Goal of the exercise
Return only those lines of the material that contain "styles".
** Exercise data follows **
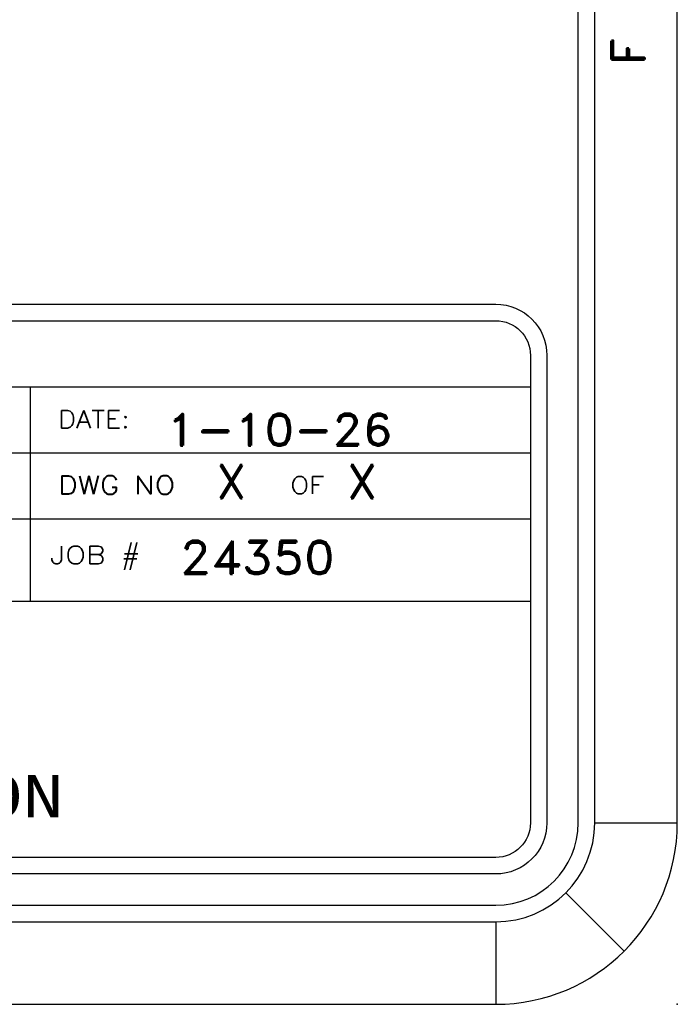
# Model space of a CAD drawing. Header units: inches. Extents: x 3 to 351, y 4 to 271.
# Tile 14 of 256: x 95.31 to 97.3, y 4.65 to 7.63. Entities that reach past the tile are written whole.
import ezdxf
from ezdxf.enums import TextEntityAlignment as Align

# ---------------------------------------------------------------- set-up
doc = ezdxf.new("R2010")
doc.units = ezdxf.units.IN
doc.header["$LTSCALE"] = 0.5
doc.header["$MEASUREMENT"] = 0
doc.layers.add('PLOTVIEW1', color=7, linetype='Continuous')
doc.layers.add('STR_1', color=7, linetype='Continuous')
doc.styles.add('VERO2-Courier New', font='cour.ttf')
doc.styles.add('VERO3-RomanS', font='romans__.ttf')
doc.styles.add('VERO5-RomanD', font='romand__.ttf')

msp = doc.modelspace()

# ---------------------------------------------------------------- linework, layer by layer
at = {"layer": 'PLOTVIEW1', "color": 97, "linetype": 'Continuous'}
for p, q in [((97.0017, 5.1975), (97.0017, 39.1975)), ((97.0517, 5.1975), (97.0517, 39.1975)), ((97.3017, 5.1975), (97.3017, 39.1975)), ((97.0517, 5.1975), (97.3017, 5.1975)), ((96.9638, 4.9854), (97.1406, 4.8086)), ((50.7517, 4.9475), (96.7517, 4.9475)), ((50.7517, 4.8975), (96.7517, 4.8975)), ((96.7517, 4.8975), (96.7517, 4.6475)), ((50.7517, 4.6475), (96.7517, 4.6475))]:
    msp.add_line(p, q, dxfattribs=at)
at = {"layer": 'PLOTVIEW1', "color": 252, "linetype": 'Continuous'}
for p, q in [((90.1468, 6.5192, 0.0197), (96.8567, 6.5192, 0.0197)), ((95.3427, 6.1192, 0.0197), (95.3427, 6.5192, 0.0197)), ((90.1468, 6.3192, 0.0197), (96.8567, 6.3192, 0.0197)), ((90.1468, 6.1192, 0.0197), (96.8567, 6.1192, 0.0197)), ((95.3427, 5.8692, 0.0197), (95.3427, 6.1192, 0.0197)), ((92.3167, 5.8692, 0.0197), (96.8567, 5.8692, 0.0197))]:
    msp.add_line(p, q, dxfattribs=at)
at = {"layer": 'PLOTVIEW1', "color": 97, "linetype": 'Continuous'}
for radius in [0.3, 0.25, 0.55]:
    msp.add_arc((96.7517, 5.1975), radius, 270, 0, dxfattribs=at)
msp.add_point((97.3017, 4.6475), dxfattribs=at)
at = {"layer": 'STR_1', "color": 4, "linetype": 'Continuous'}
for p, q in [((90.2518, 6.7692), (96.7517, 6.7692)), ((90.2518, 6.7192), (96.7517, 6.7192)), ((96.8567, 6.6142), (96.8567, 5.1975)), ((96.9067, 6.6142), (96.9067, 5.1975)), ((96.7517, 5.0925), (90.2518, 5.0925)), ((96.7517, 5.0425), (90.2518, 5.0425))]:
    msp.add_line(p, q, dxfattribs=at)
at = {"layer": 'STR_1', "color": 4, "linetype": 'Continuous', "extrusion": (0, 8.88178e-16, -1)}
for centre, radius, start, end in [((-96.7517, 6.6142), 0.155, 90, 180), ((-96.7517, 6.6142), 0.105, 90, 180), ((-96.7517, 5.1975), 0.105, 180, 270), ((-96.7517, 5.1975), 0.155, 180, 270)]:
    msp.add_arc(centre, radius, start, end, dxfattribs=at)

# ---------------------------------------------------------------- texts
at = {"layer": 'PLOTVIEW1', "color": 56, "linetype": 'Continuous', "style": 'VERO5-RomanD', "width": 1.000299}
msp.add_text('F', height=0.1, rotation=90, dxfattribs=at).set_placement((97.202, 7.4921), (97.202, 7.5769), align=Align.FIT)
at = {"layer": 'PLOTVIEW1', "color": 7, "linetype": 'Continuous'}
for s, height, style, width, p, p2 in [('DATE:', 0.05345, 'VERO3-RomanS', 0.999579, (95.4262, 6.394, 0.0197), (95.6434, 6.394, 0.0197)), ('1-10-26', 0.09605, 'VERO5-RomanD', 1.000508, (95.7533, 6.3406, 0.0197), (96.4394, 6.3406, 0.0197)), ('X', 0.1, 'VERO5-RomanD', 1.000527, (95.9039, 6.1817, 0.0197), (95.998, 6.1817, 0.0197)), ('X', 0.1, 'VERO5-RomanD', 1.000527, (96.3, 6.1817, 0.0197), (96.3941, 6.1817, 0.0197)), ('DWG NO', 0.05632, 'VERO3-RomanS', 0.998674, (95.4262, 6.193, 0.0197), (95.7805, 6.193, 0.0197)), ('OF', 0.05341, 'VERO3-RomanS', 0.999406, (96.1298, 6.194, 0.0197), (96.2326, 6.194, 0.0197)), ('JOB #', 0.05433, 'VERO3-RomanS', 0.999053, (95.4018, 5.9819, 0.0197), (95.6761, 5.9819, 0.0197)), ('24350', 0.1, 'VERO5-RomanD', 1.000527, (95.7944, 5.9518, 0.0197), (96.2647, 5.9518, 0.0197)), ('CORPORATION', 0.127868, 'VERO2-Courier New', 0.932229, (94.0657, 5.2142, 0.0197), (95.4431, 5.2142, 0.0197))]:
    msp.add_text(s, height=height, dxfattribs=dict(at, style=style, width=width)).set_placement(p, p2, align=Align.FIT)

doc.saveas('drawing.dxf')
** End of Exercise data **
Response area
doc.styles.add('VERO2-Courier New', font='cour.ttf')
doc.styles.add('VERO3-RomanS', font='romans__.ttf')
doc.styles.add('VERO5-RomanD', font='romand__.ttf')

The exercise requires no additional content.